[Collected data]
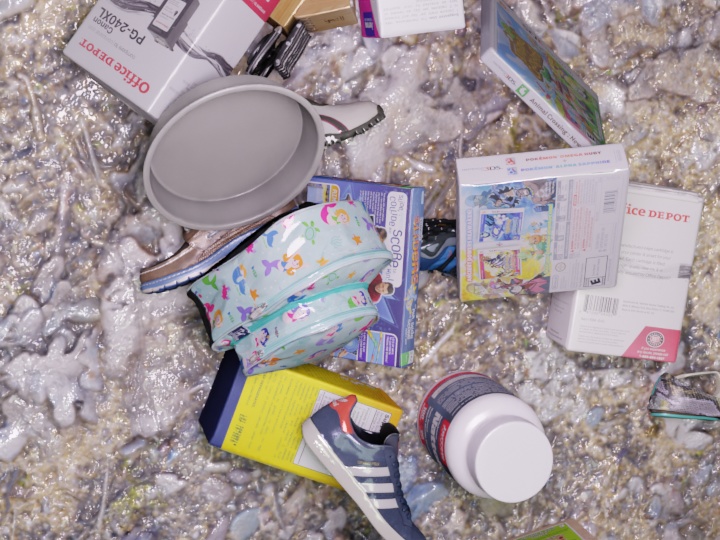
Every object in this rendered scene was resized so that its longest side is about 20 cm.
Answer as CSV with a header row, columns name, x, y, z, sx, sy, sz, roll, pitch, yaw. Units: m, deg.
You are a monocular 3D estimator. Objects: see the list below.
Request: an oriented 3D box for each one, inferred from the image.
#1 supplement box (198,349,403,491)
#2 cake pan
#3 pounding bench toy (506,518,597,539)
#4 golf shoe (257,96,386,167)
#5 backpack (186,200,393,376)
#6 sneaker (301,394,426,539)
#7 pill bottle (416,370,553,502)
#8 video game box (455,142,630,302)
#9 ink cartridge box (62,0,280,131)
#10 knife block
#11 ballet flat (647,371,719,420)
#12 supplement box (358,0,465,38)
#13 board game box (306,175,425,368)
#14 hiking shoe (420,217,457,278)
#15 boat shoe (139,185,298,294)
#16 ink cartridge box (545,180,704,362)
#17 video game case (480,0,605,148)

# TASK ITEM:
All lines from the one with "#7 pill bottle (416,370,553,502)" through the end of the records need to be copied exactly, and no other lines.

# PROBLEM SOLUTION:
#7 pill bottle (416,370,553,502)
#8 video game box (455,142,630,302)
#9 ink cartridge box (62,0,280,131)
#10 knife block
#11 ballet flat (647,371,719,420)
#12 supplement box (358,0,465,38)
#13 board game box (306,175,425,368)
#14 hiking shoe (420,217,457,278)
#15 boat shoe (139,185,298,294)
#16 ink cartridge box (545,180,704,362)
#17 video game case (480,0,605,148)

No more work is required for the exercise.